> **TO DO**:
Find every line of the records that has "count" and return it.

> **EXTRACTED INFORMATION**:

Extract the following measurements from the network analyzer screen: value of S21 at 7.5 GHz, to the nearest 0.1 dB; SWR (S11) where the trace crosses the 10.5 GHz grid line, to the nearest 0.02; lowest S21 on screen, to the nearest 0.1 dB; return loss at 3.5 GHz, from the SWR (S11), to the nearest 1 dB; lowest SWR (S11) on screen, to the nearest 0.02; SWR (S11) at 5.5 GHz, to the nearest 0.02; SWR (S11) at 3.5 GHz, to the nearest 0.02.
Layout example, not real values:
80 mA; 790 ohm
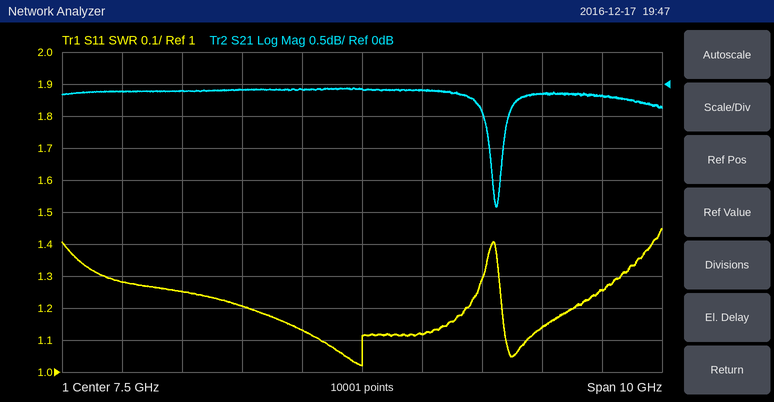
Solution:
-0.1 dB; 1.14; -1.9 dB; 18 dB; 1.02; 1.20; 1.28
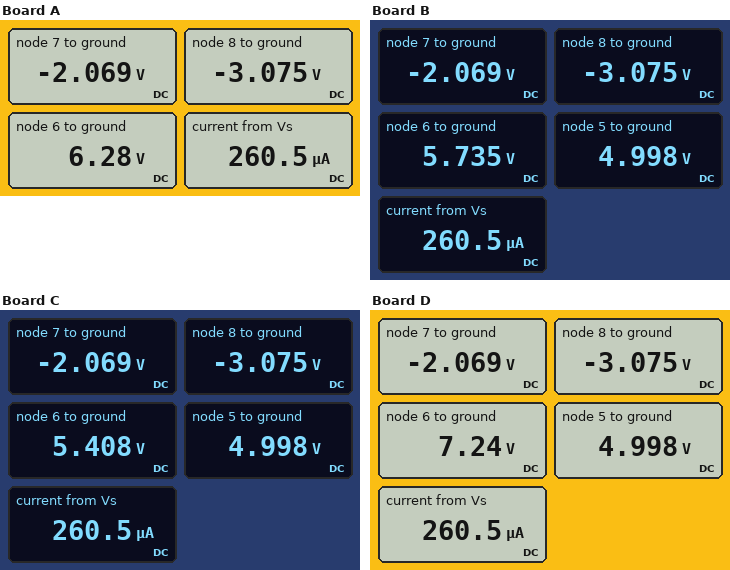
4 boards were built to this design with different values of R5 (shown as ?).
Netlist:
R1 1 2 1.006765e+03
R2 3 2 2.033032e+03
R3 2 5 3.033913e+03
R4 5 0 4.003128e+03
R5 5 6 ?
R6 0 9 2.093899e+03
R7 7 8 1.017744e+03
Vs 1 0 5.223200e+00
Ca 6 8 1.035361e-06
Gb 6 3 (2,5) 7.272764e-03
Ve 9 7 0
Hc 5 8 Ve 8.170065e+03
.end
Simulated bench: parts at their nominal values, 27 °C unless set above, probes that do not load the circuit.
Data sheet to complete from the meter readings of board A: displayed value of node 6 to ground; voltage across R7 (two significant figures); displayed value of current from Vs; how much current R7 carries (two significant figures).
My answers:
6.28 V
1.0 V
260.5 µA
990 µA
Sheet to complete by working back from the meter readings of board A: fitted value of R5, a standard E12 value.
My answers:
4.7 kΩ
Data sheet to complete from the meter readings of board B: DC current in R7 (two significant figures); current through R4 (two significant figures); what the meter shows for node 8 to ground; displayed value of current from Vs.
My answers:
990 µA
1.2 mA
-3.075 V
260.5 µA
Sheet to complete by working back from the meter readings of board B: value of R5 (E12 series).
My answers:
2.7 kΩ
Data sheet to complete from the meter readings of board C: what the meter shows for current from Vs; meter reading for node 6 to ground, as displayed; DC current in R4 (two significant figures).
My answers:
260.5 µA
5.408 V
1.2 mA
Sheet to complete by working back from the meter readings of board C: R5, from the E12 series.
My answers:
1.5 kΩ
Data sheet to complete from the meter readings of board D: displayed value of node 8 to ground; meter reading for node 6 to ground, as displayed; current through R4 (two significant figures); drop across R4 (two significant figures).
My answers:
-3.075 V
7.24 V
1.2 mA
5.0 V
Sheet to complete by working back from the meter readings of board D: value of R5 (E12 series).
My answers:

...

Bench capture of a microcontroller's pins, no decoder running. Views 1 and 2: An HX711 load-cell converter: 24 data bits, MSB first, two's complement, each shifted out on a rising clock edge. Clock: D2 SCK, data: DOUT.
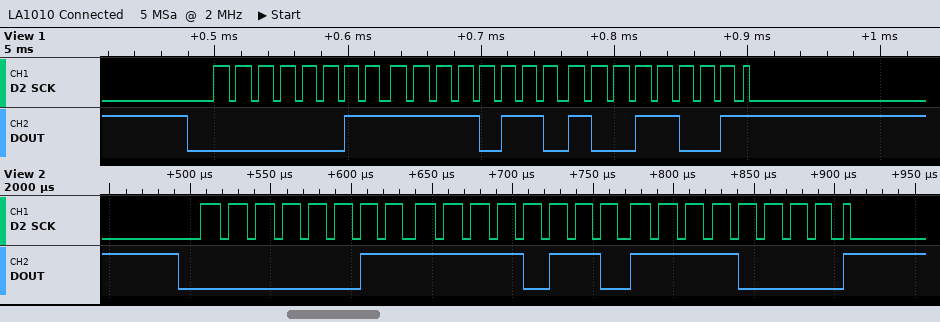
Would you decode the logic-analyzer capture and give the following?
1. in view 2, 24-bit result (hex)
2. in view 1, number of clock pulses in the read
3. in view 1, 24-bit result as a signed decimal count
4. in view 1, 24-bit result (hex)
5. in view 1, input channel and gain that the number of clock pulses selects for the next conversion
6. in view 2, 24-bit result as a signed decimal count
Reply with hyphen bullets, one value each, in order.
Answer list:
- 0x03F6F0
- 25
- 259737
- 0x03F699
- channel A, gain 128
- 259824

> **OUTPUT OF THE EXERCISE**:
3. in view 1, 24-bit result as a signed decimal count
6. in view 2, 24-bit result as a signed decimal count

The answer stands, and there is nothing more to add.